New parents have to consider so many variables, and there’s no shortage of advice from experts, friends, relatives and even mommy bloggers: Should we do cosleeping or let the baby cry it out? Should we use disposable diapers or cloth? Should we get a standard crib or convertible? It’s overwhelming.

There is one decision, though, that’s a bit more personal than whether to go with Aviary Blue or Adriatic Sea on the walls — and it also tends to be more permanent: the baby’s name.


For Jewish parents, the question of a name can get pretty complicated, as many Jewish children have both a secular, American name as well as a Hebrew name. So aside from the typical choices — such as whether the child will have a middle name — some Jewish parents have double the trouble when it comes to choosing a name — or double the pleasure, depending on your point of view.

As with other aspects of Jewish practice, baby-naming traditions vary widely depending on degree of observance and affiliation, but whether a name is American or Hebrew, it most certainly won’t be the same as that of a living relative if the baby is Ashkenazi. There are both religious and

superstitious justifications for this, which explains why there aren’t too many Ashkenazi Jewish Juniors.

The Jewish website Kveller reported a few months ago on the top five most popular Jewish baby names for 2016 so far. For girls, they were Charlotte, Ava, Sadie, Elizabeth and Abigail. For boys, they were Ezra, Asher, Levi, Elijah and Ethan.

But the Jewish Exponent birth announcements recently featured new arrivals with less conventional names: Brody, Kylie, Fiona, Jordyn, Kayden, Presley and Raegan —not exactly shtetl names. There were two Logans, too.

One of those Logans — Logan Milo Baill, born Aug. 22 — was named for a relative, but not in the way you might think. His great-grandfather, Morton Goren, had a deep connection to the neighborhood where he grew up — the Logan section of Philadelphia.

“My poppy Morton Goren was very proud of his childhood in Logan,” explained Liz Baill, Logan’s mother. “He  had a group of childhood friends that called themselves the Logan Boys. In junior high, they formed a basketball team — the Logan Sparks. They took a photo of the original five basketball teammates as kids and continued to take a photo in the same formation, with my poppy crouching down in the middle of the front row, whenever they were together. This continued throughout their lives, so we have years of Logan Boys pictures, and we always knew who Pop’s Logan friends were.”

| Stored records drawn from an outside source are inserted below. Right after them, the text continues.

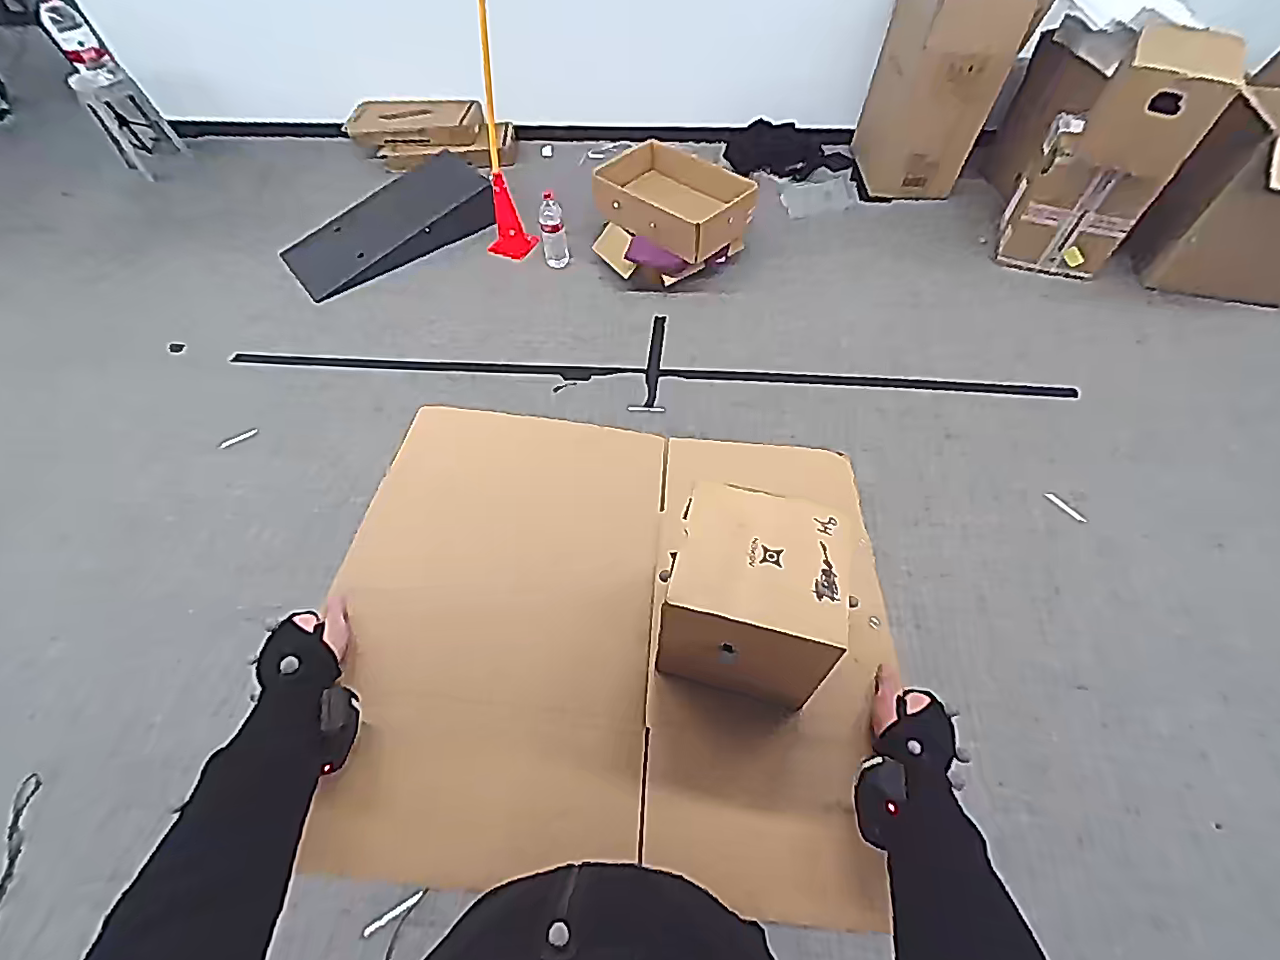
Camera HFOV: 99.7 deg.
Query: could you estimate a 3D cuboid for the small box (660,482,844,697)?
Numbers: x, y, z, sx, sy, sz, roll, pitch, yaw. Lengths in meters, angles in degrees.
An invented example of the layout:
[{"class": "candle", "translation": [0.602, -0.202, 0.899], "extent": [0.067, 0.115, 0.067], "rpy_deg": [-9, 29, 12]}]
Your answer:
[{"class": "small box", "translation": [0.124, 0.129, 0.626], "extent": [0.179, 0.176, 0.168], "rpy_deg": [11, 51, 9]}]

Goren passed away almost a year ago; Liz and her husband, Andrew, found out they were having a baby shortly thereafter.

“We like to think of [our son] as the next of the Logan boys,” Baill said. “The Logan Boys shared a very special, lifelong bond, and we hope that love lives on through Logan.”

Logan’s middle name, Milo, pays tribute to three grandparents with M names: Marion, Morris and Mort.

Morton Goren’s daughter, Pam, said the remaining Logan boys — who have stayed local with one exception — were thrilled by Liz and Andrew’s decision to name their son after the neighborhood.

“My dad was the first of the group to pass away, but is surely smiling from above,” she said.

And at least one decision was easily made for Liz and Andrew Baill when they were decorating their home in honor of their new baby’s arrival: “We have one of the early Logan Boys photos in our son’s nursery,” Baill said.

No word, however, on the color of the walls.